I wish other people had done this sort of writing first, so I wouldn’t have to founder in the dark, but the best I can do is take my own advice. Of course, there are TV shows and movies on such subjects, but I think there is a serious unfulfilled need for pure, personal writing.


Tonight is one of those quirky Stanford traditions, Full Moon on the Quad. In this one, a students get together in Stanford’s large courtyard where seniors make out with random freshmen under the full moon (immediately after tonight’s solar eclipse).

One can’t help but wonder how traditions like this get started. I overheard someone saying that the original intent was this would be the freshman’s “first kiss” which now, at least for those willing to go to the courtyard and makeout with random strangers, seems sort of unlikely.

At the pre-event dorm meeting, the student staff try to build enthusiasm: “Well, you’re probably going to get mono here anyway,” comments our “Peer Health Educator”, “so why not get it at Full Moon?” Some students do not appear to be reassured. The event is official and thus will be surrounded by police, who amazingly will arrest minors possessing alcohol. So “don’t, like, try to kiss them”, the staff advises.

Outside in the hall, the kids gear up for the event. Five large boys pile on each other, apparently fighting over some small, unseen object. Not having had enough, they tear a decorative paper tree off the wall and begin beating it up. The RA (student staff in charge of the hall) comes by and starts screaming at them to leave it alone.

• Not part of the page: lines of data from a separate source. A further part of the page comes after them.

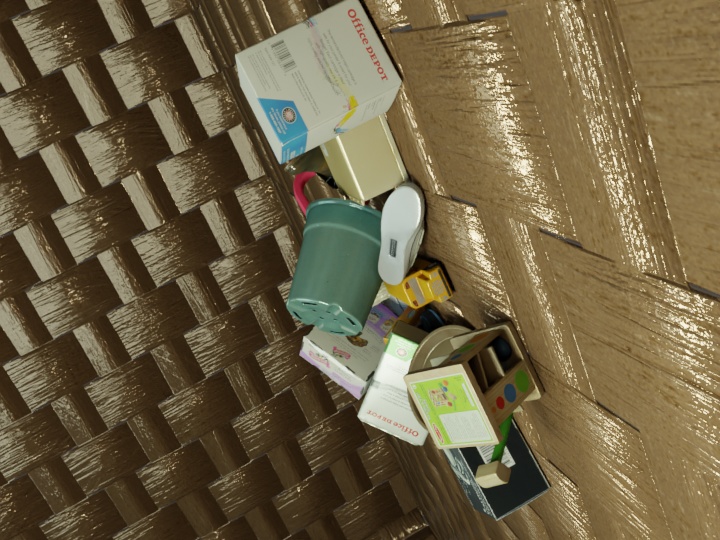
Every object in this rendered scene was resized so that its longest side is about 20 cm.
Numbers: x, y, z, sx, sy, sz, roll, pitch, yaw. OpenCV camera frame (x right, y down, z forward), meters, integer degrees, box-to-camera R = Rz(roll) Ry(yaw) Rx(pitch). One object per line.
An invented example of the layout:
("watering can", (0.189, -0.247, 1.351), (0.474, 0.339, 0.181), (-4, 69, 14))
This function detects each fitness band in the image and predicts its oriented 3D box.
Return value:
("fitness band", (-0.064, -0.164, 1.579), (0.201, 0.143, 0.038), (57, 171, 34))

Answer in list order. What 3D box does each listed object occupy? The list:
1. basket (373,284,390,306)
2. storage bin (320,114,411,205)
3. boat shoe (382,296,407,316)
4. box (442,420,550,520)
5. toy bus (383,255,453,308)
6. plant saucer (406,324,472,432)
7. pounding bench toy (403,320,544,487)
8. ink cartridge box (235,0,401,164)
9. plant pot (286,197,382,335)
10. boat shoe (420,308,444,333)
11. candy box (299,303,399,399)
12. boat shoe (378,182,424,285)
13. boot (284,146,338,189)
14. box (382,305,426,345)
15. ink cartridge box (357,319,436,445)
("basket", (0.000, 0.000, 1.541), (0.136, 0.199, 0.124), (55, 175, 41))
("storage bin", (-0.017, -0.235, 1.288), (0.201, 0.093, 0.199), (66, 171, -19))
("boat shoe", (0.093, 0.126, 1.679), (0.201, 0.065, 0.074), (63, 170, 6))
("box", (0.241, 0.353, 1.403), (0.201, 0.123, 0.197), (62, 173, 10))
("toy bus", (0.103, 0.021, 1.369), (0.065, 0.078, 0.200), (65, 171, -13))
("plant saucer", (0.165, 0.199, 1.306), (0.029, 0.201, 0.200), (17, -152, -42))
("pounding bench toy", (0.193, 0.202, 1.098), (0.124, 0.156, 0.201), (-22, 96, 48))
("ink cartridge box", (-0.064, -0.279, 1.087), (0.148, 0.199, 0.145), (63, 173, 0))
("plant pot", (-0.038, 0.002, 1.351), (0.201, 0.199, 0.197), (90, -164, -65))
("boat shoe", (0.164, 0.180, 1.499), (0.201, 0.068, 0.084), (65, 170, -9))
("candy box", (-0.006, 0.153, 1.578), (0.167, 0.200, 0.072), (35, 139, 15))
("boat shoe", (0.079, -0.070, 1.264), (0.071, 0.070, 0.201), (23, 129, 21))
("boot", (-0.059, -0.203, 1.418), (0.097, 0.200, 0.075), (54, 134, 2))
("box", (0.126, 0.184, 1.560), (0.041, 0.119, 0.201), (1, 128, 42))
("ink cartridge box", (0.097, 0.223, 1.442), (0.146, 0.201, 0.083), (24, -162, 5))
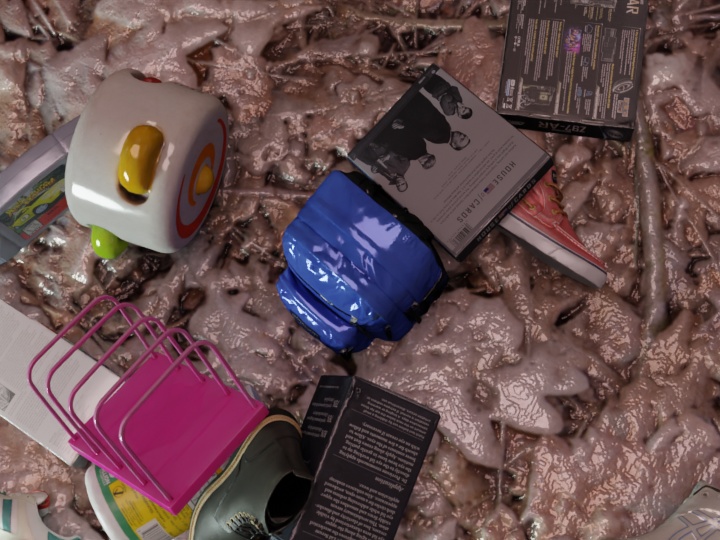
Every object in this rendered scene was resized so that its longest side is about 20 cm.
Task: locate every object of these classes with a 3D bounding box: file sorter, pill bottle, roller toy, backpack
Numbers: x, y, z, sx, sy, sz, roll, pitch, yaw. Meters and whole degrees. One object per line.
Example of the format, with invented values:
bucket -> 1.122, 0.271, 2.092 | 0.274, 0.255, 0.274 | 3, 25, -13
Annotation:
file sorter -> -0.223, 0.123, 1.230 | 0.199, 0.126, 0.139 | 18, 56, 45
pill bottle -> -0.182, 0.209, 1.303 | 0.199, 0.113, 0.114 | -31, 76, -2
roller toy -> -0.226, -0.120, 1.343 | 0.138, 0.201, 0.184 | 18, 52, 8
backpack -> 0.000, 0.000, 1.288 | 0.162, 0.200, 0.169 | 35, 82, 11

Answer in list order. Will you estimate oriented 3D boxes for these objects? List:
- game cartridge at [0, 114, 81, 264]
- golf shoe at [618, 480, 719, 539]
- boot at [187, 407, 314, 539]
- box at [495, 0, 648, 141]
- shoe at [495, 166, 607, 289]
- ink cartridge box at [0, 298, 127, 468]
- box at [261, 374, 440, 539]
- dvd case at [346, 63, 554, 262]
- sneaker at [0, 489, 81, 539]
game cartridge -> -0.367, -0.088, 1.377 | 0.200, 0.133, 0.041 | -41, 76, -4
golf shoe -> 0.344, 0.271, 1.270 | 0.197, 0.079, 0.098 | -5, 60, -1
boot -> -0.111, 0.249, 1.198 | 0.077, 0.138, 0.202 | 18, 102, -19
box -> 0.244, -0.259, 1.403 | 0.158, 0.044, 0.203 | 7, 78, 7
shoe -> 0.203, -0.068, 1.349 | 0.199, 0.071, 0.091 | 35, 88, 16
ink cartridge box -> -0.364, 0.121, 1.373 | 0.199, 0.050, 0.110 | 32, 82, 12
box -> -0.017, 0.217, 1.256 | 0.103, 0.148, 0.202 | 24, 81, -12
dvd case -> 0.096, -0.123, 1.357 | 0.150, 0.025, 0.200 | -46, 58, 1
sneaker -> -0.392, 0.268, 1.342 | 0.199, 0.071, 0.093 | 37, 65, 14

After she leaves, they apologize to the tree and tape it back to the wall.

The RAs, all dressed in formalwear, carry over a couch to the main event while me and my roommate follow behind, observing. The courtyard slowly fills up. I notice the large stained glass cross in the Church on one side of the courtyard is illuminated, and wonder what the Church thinks of this event.

Even this event is in line with Stanford’s proud acceptance of diversity. One area is set up for “Queer Moon on the Quad” while another is available for those who just want to hug.

On the large stage, a rock band performs. To their left, the Sanford marching band prepares. To their right there is a smaller stage, where students perform. First there is a sort-of pathetic-looking guitar-and-bongos band, then a weird sort of student burlesque, then some impressively contorted gymnasts. A group of over twenty nude students runs through. In the middle of the marching band, one girl manages to get up quite high where she begins stripping as folks count down toward midnight. Another man walks around with a hat with large flames.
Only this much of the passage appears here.